A couple of weeks ago, I mentioned that I had armed myself with a trio of books by or about Sabine Baring-Gould. I have now set to reading them, and so confident am I that they will furnish much instructive and amusing material that it seems a good idea to dub this postage the inaugural one in what I intend to be Sabine Baring-Gould Week at Hooting Yard.
Let us begin then, with a snippet from William Purcell’s 1957 biography, Onward Christian Soldier:
“Sabine had a warm liking for his tutor. And that he in return was looked upon with affection is surely to some extent shown by the fact that he was asked by Mr Goodwin to choose his wife’s hats. Mrs Goodwin, it seems, had appalling taste. The results of leaving her to dress herself could be shocking in the extreme. Her husband’s pupil was therefore asked, and apparently agreed, not only to accompany the lady in an advisory capacity when she went shopping but also to inspect her before she left the house.

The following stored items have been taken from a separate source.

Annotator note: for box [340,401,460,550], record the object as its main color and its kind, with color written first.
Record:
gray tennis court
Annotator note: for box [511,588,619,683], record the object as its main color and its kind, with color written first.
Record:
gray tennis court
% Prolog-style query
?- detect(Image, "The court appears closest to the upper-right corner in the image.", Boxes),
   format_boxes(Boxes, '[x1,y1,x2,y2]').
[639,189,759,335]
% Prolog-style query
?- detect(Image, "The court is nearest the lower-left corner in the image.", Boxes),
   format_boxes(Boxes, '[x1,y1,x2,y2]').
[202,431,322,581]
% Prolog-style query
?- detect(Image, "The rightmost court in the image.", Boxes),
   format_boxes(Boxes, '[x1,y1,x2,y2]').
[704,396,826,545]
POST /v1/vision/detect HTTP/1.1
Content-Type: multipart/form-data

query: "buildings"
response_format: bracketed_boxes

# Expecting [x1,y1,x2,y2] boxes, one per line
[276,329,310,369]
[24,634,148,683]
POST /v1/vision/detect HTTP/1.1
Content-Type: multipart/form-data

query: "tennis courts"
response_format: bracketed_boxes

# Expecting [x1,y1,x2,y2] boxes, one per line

“Mr Goodwin was later made Bishop of Carlisle, a characteristic choice for one of those bishops who, as the century progressed, found themselves faced by forces greater than they were equipped to understand. Who supervised his wife’s choice of hats in Carlisle is not recorded.”
My advice to a hat advisor would include ‘Avoid trash’ and ‘Vast hairdo’. Probably not ‘Ravish toad’.